Millones para recapitalizar

Entre 30.000 y 50.000 millones de euros serán utilizados para recapitalizar las pérdidas sufridas por los bancos en la quita y otros 30.000 millones serán dados como "incentivo".

Esta recapitalización se hará a través de la adquisición de nuevas participaciones en los bancos mediante una especie de fondo de estabilidad del Estado griego, en cuya dirección habrá representantes de la troika (UE, FMI y Banco Central Europeo) y cuyo cometido será evitar que esta entrada del Estado en el accionariado modifique el carácter privado de la banca.

El Gobierno griego se ha comprometido con los bancos a vender sus participaciones al sector privado al cabo de cuatro o cinco años.

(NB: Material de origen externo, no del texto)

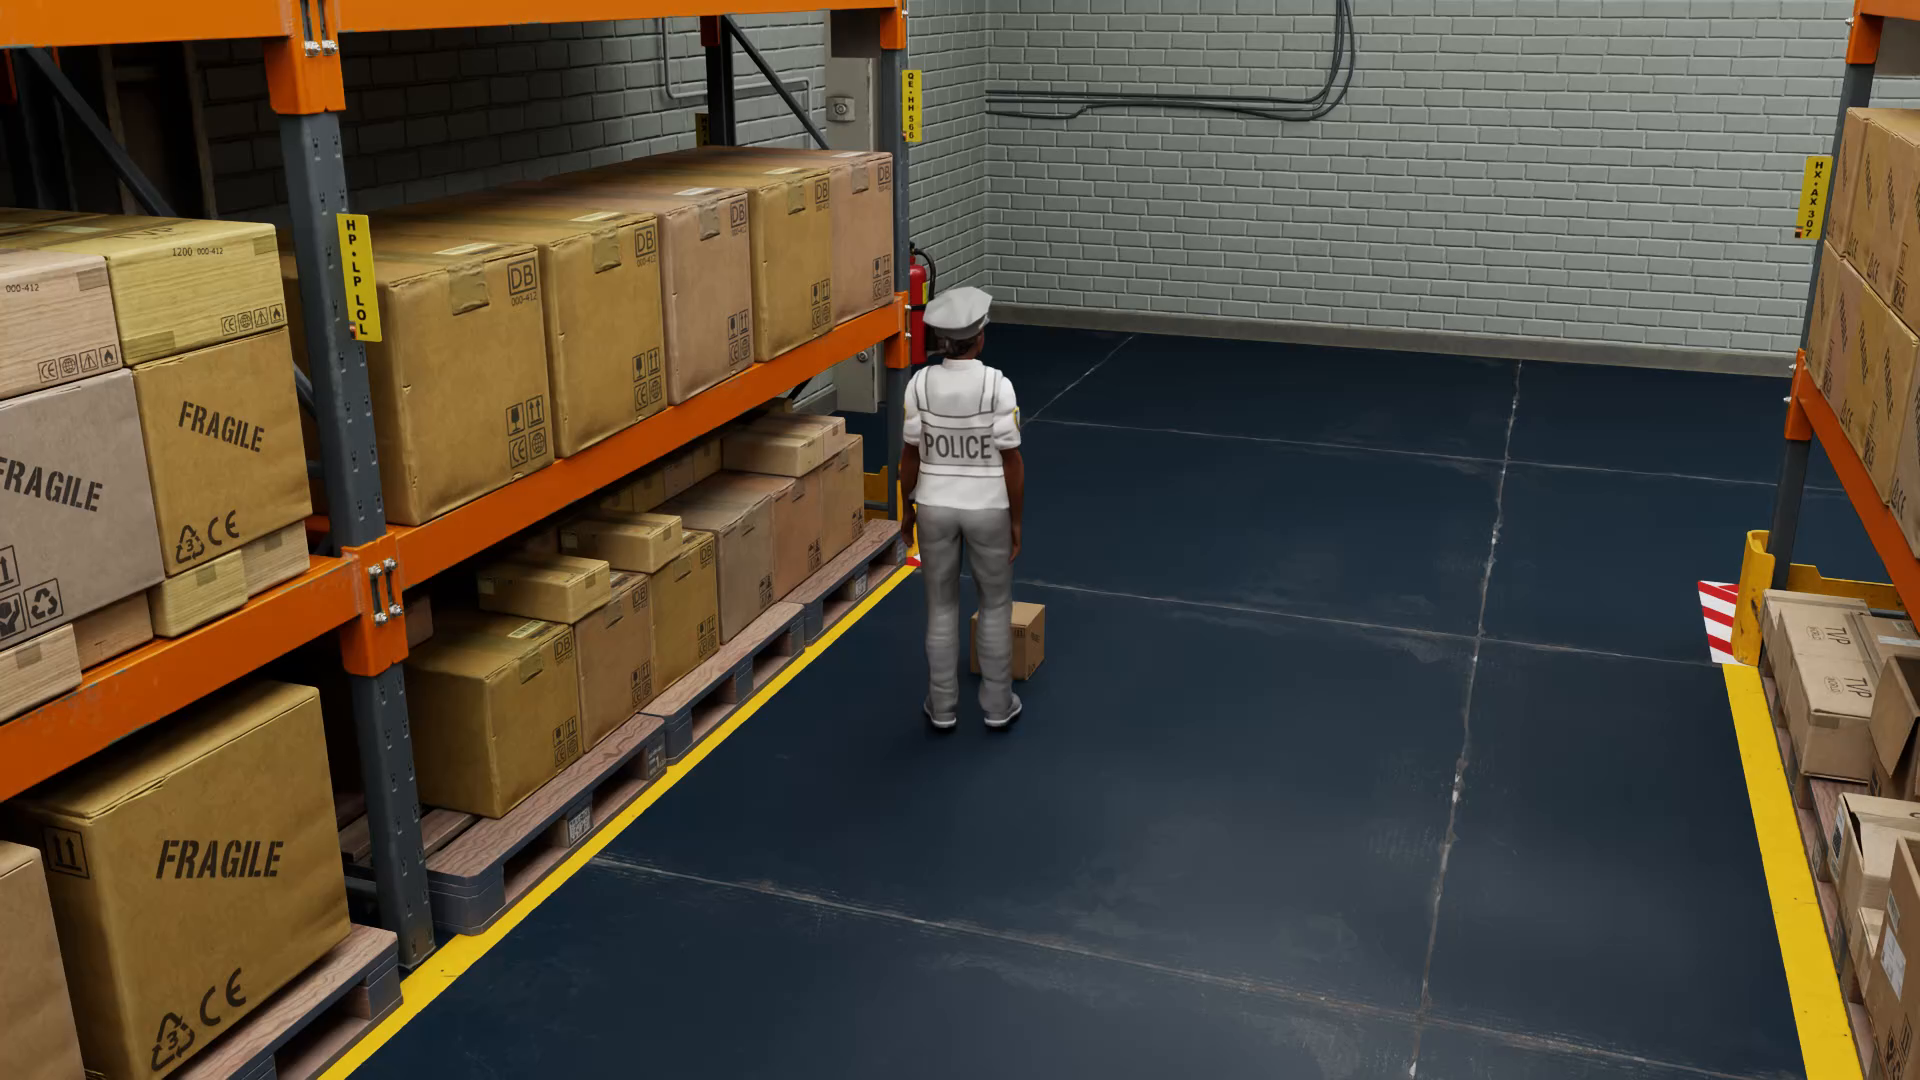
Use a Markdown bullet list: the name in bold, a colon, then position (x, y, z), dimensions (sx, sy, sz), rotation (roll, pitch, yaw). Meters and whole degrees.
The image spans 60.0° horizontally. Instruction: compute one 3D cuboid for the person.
- **person**: position (0.008, -0.109, 6.281), dimensions (0.490, 1.696, 0.360), rotation (4, 19, 11)

Igualmente ha prometido que, si, a causa de las pérdidas sufridas en la quita y a pesar de las nuevas inyecciones de liquidez, algún banco quiebran, sus activos serán divididos entre "buenos" y "malos" y los primeros serán vendidos al sector privado, mientras que el Estado se hará cargo de las pérdidas.

La condonación supondrá borrar de las cuentas de deuda griegas unos 100.000 millones de euros de los 360.000 millones a los que asciende el total de deuda griega, cercano al 170 % de su PIB.

"Alivio será muy pequeño

Pero debido a la necesaria recapitalización y a la suma del nuevo préstamo internacional al cómputo de la deuda, el "alivio" que supondrá será "muy pequeño", y sólo logrará reducir el ratio de deuda hasta el 150 ó 160 % en 2012, según explicó el analista del diario "Kathimerini" Dimitris Kontoyannis.

Atenas espera que con el aumento de plazos y reducción de intereses, la deuda equivalga al 120,5 % del PIB en el año 2020.

Kontoyannis consideró que la condonación "reduce el riesgo de una eventual salida de Grecia del euro".

Para examinar los progresos de Grecia en las reformas prometidas, el máximo responsable del Grupo de Trabajo para Grecia de la Comisión Europea, Horst Reichenbach, ha viajado a Atenas y el jueves hará público un informe sobre sus conclusiones.